Could someone check these? basic honors algebra 1 question
of eight students in a class three will be chosen for student government positions. what is the number of permutations of those eight students to hold the three different positions?
24**
336
112
56
Can you explain how you got 24?
This permutation problem can be solved using the standard equation
P(n,r)=n!/(n-r)!
where
n=8, (8 candidates)
r=3 (three different positions out of n candidates)
Use your calculator to help you find the right answer.
Just in case, n!=1*2*3*4....*n
For example, 5!=1*2*3*4*5=120
Think about it, and you will see that your answer is way off. At the very least, the fact that the question is asking about permutations should tip you off.

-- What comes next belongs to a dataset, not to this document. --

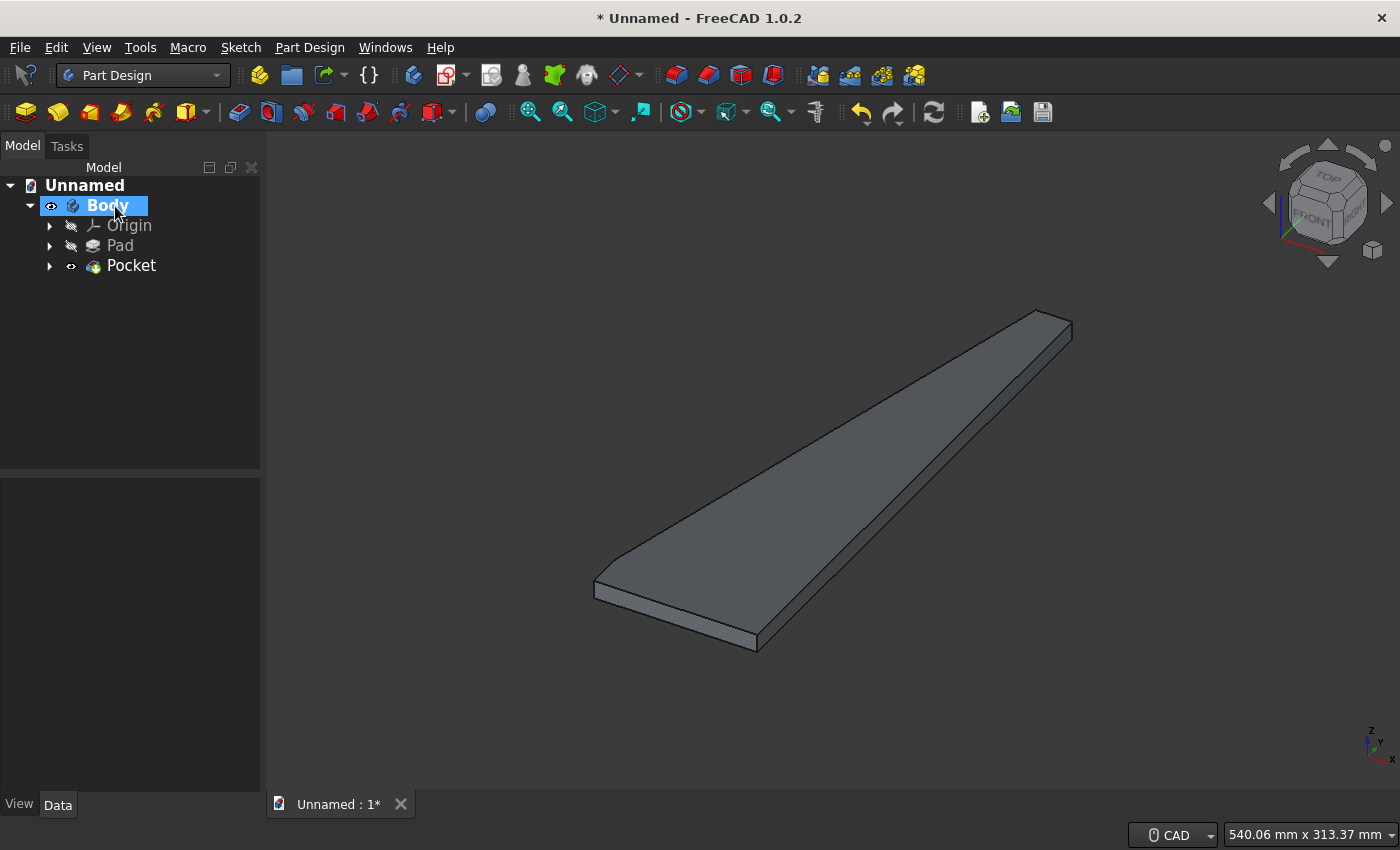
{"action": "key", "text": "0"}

There are 8 ways to pick the first position.
For each of those 8 choices, there are 7 ways to pick the next one.
Similarly, there are 6 people left for the third pick.
This gives you 8P3 ways to choose. Now what do you say?
Thank you guys. I understand now
I multiplied 8*3, I see the answer is 336!
You better either read the chapter or Google permutations !
http://betterexplained.com/articles/easy-permutations-and-combinations/
To find the number of permutations of the eight students for the three different positions, you can use the formula for permutations: nPr = n! / (n - r)!
Here, n represents the total number of students (eight), and r represents the number of positions to be filled (three).
Using this formula, you can calculate the permutations as follows:
8P3 = 8! / (8 - 3)!
= 8! / 5!
= (8 * 7 * 6 * 5!) / 5!
= (8 * 7 * 6)
= 336
Therefore, the number of permutations of the eight students to hold the three different positions is 336.